Не дожидаясь пока императрица встанет патриарх развернулся и вышел из светлицы. К нему тут же подбежал монашек и накинул поверх патриаршего одеяния теплую соболиную шубу. Хоть и лето в разгаре, но Иерофан все равно подмерзал, такова уж стариковская натура, кутаться в теплое, когда казалось бы голышом бегать нужно.

Размышлять на ходу владыка не любил, предпочитая обстоятельно обмозговать и только потом принять решение: окончательное и неоспоримое.

Ольга же, может в силу молодости и неукротимой энергии, а может просто по натуре куда деятельней патриарха, часто принимала решения спонтанно, руководствуясь исключительно интуицией, называемой в народе женским началом.

Вот и на мучавший ее с самого утра вопрос: как быть с посланием для государя, она нашла решение идя по коридору. Открывать сама не стала и решила переслать прямо к императору вместе с тем нарочным, который его и доставил.

Решив тем самым все дела, женщина со спокойной душой и сердцем пошла в детскую. Именно там сердце Ольги оттаивало, а на душе становилось чуточку светлее. До того момента пока рядом не будет любимого жизнь женщины лишь наполовину наполнена смыслом…

Глава 8

2 июля 1714 года от Р.Х.
Смоленская губерния. Хатычка.

Очередное пробуждение отличалось от обычных, как ноябрьская грязь от январского снега. В один миг пропало все светлое, радостное, исчезла легкость восприятия мира, вместо этого накатила апатия и безволие, да к тому же голова болела так, что казалось ее ежесекундно сжимают тиски, причем постепенно давление нарастает.

На периферии неожиданно затрещали сотни выстрелов фузей, раздалось бравое 'Ура!', а чуть погодя это безумие поддержало залп батареи.

Мир вокруг вновь погрузился во мрак, но не затем, чтобы унести меня прочь отсюда, а только для того, чтобы минуту спустя выкинуть назад с раскалывающейся головой, мушками перед глазами и диким сушняком во рту. Жизнь от всего этого казалась мерзкой и мысли о скорой смерти не внушали опасения.

К моей радости вскоре в шатре (а это был именно он, благо в этой пародии на армейскую палатку, провел не один день) появился лекарь и сноровисто влил в меня стакан непонятной вязкой жидкости. Всю подлость его поступка я осознал несколькими секундами позже, аккурат когда последняя капля докатилась до пищевода. Из глаз брызнули слезы, мгновенно смыв иллюзорных мушек, а из горла полыхнуло натуральным огнем, но только бесцветным и спустя некоторое время в желудке взорвалась 24-фунтовая бомба.

Было так хреново, что я даже лекаря не успел разглядеть!

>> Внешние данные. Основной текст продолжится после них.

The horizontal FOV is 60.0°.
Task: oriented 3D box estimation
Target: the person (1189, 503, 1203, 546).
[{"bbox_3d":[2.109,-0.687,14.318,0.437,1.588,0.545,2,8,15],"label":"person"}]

Правда не смотря на ужасы лечения, слух сохранился. Звуки полковых горнов я различал на ять, благо таблицу команд писал сам. И честно замечу протяжные стоны, вперемешку с короткими трелями меня радовали мало. Ситуация хоть была не критической, но и радужной не являлась. Судя по всему на всей линии обороны установилось шаткое равновесие, где перекос в одну из сторон приведет к окончательной победе.

Но проходила минута, за ней еще одна, а ничего не менялось: все та же какофония битвы, изредка прерываемая громом орудий…

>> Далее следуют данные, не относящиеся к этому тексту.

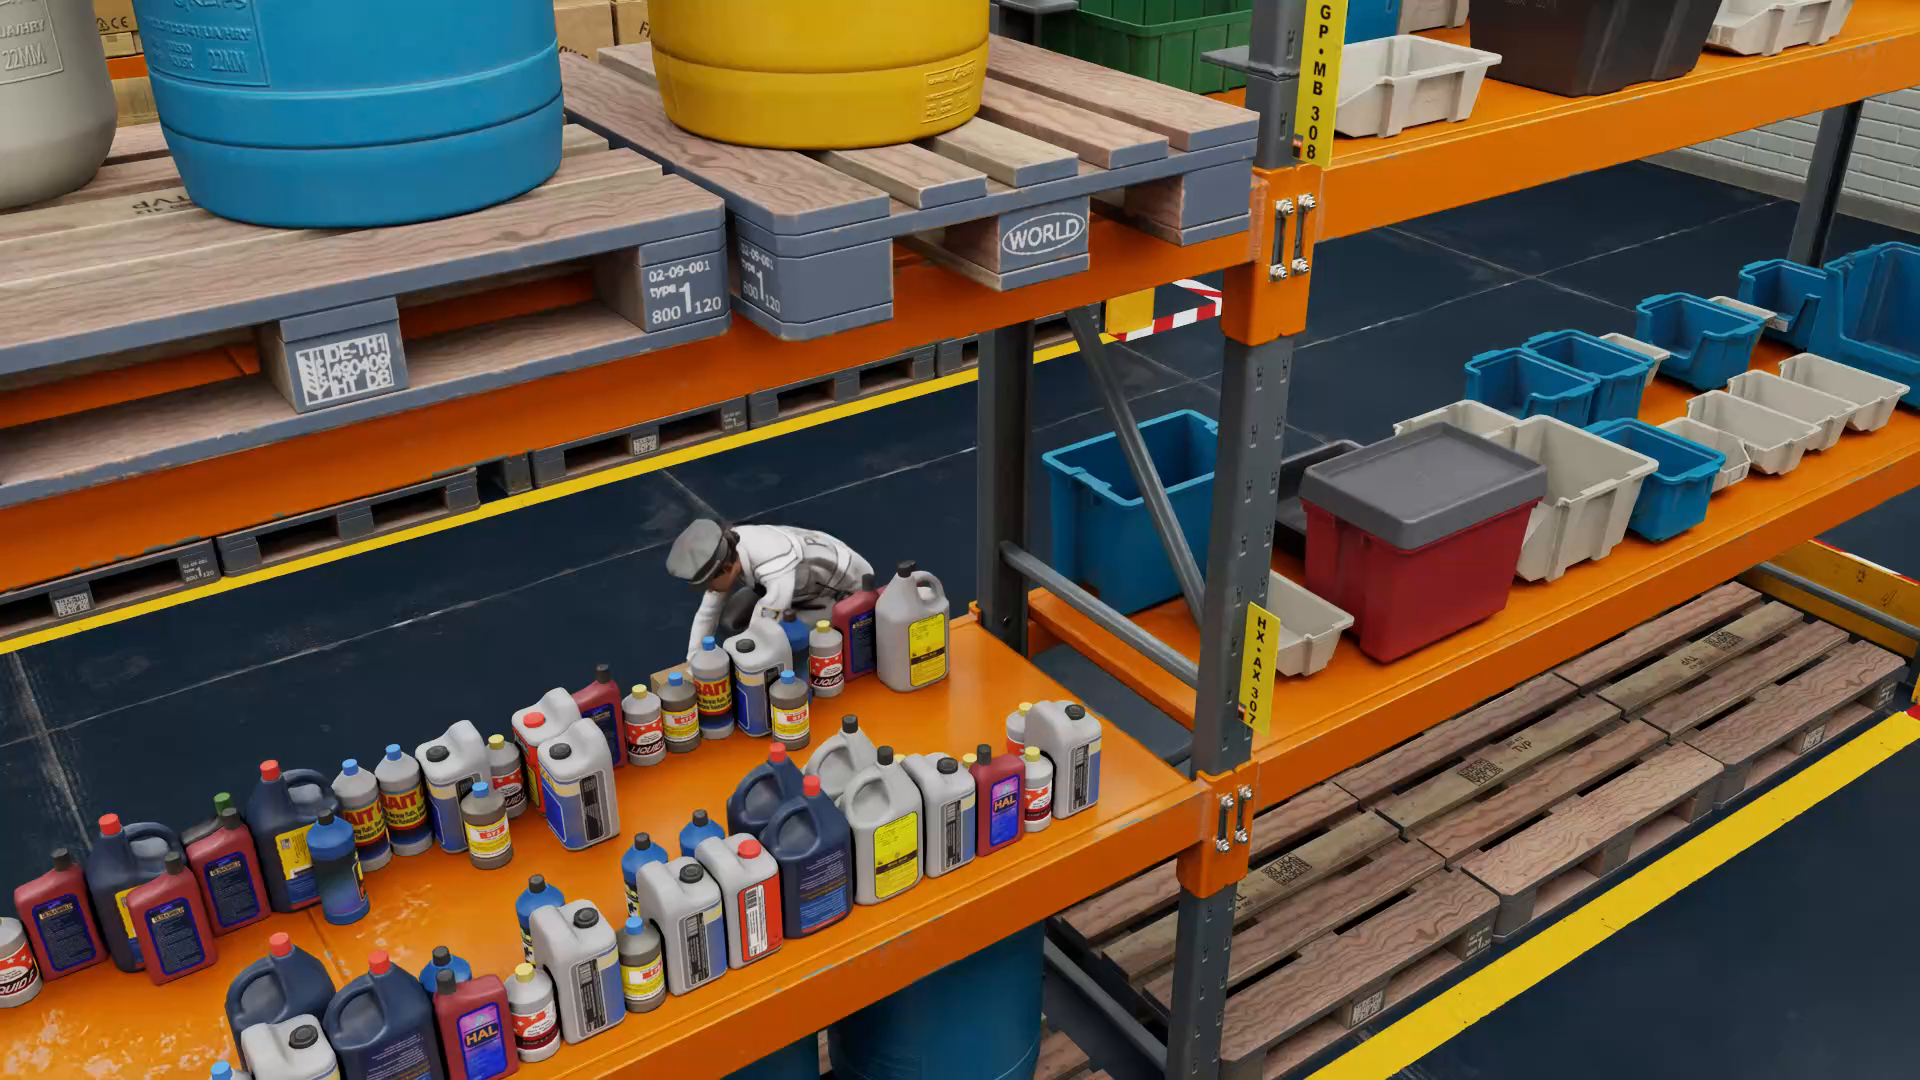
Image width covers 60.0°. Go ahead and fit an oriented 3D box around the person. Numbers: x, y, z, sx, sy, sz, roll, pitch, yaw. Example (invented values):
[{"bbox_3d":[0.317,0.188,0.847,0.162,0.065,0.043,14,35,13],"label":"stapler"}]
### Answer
[{"bbox_3d":[-0.726,0.265,6.415,0.846,0.928,0.477,-19,34,-31],"label":"person"}]

Засыпая я наконец увидел в шатре знакомое лицо — Никифор, шлявшийся непонятно где, принес лукошко закрытое от чужого взора полотенцем, расшитым ягодами. От кого он прятал содержимое стало понятно когда пришел мой эскулап. Недобро зыркнул на камердинера и принялся пичкать меня своей отравой. На сей раз я уже был готов к тому, что случится в организме локальный катаклизм, вот только легче от этого не стало. За моими мучениями в тишине наблюдал Никифор: хмурился, сопел, но слова против не сказал.

Впрочем, стоило врачу, перед уходом недовольно глянувшему на камердинера, как он засуетился.

— Что ж это делается, государя отравой немецкой пичкают, страхолюды клятые! Ну ничего, я вам туточки зелья наших травниц принес, не то что эта гадость. Так что выпьете чуток, а потом и бульончика мясного… Знаю, что хочется мясца, да чарочку меда хмельного, но нельзя, рано…

Седовласый дядька в такие минуты походил на наседку возле раненого птенца — кудахчет, суетится и все норовит окружить заботой. Вот только я не птенец и все эти метания Никифора довольно быстро надоели.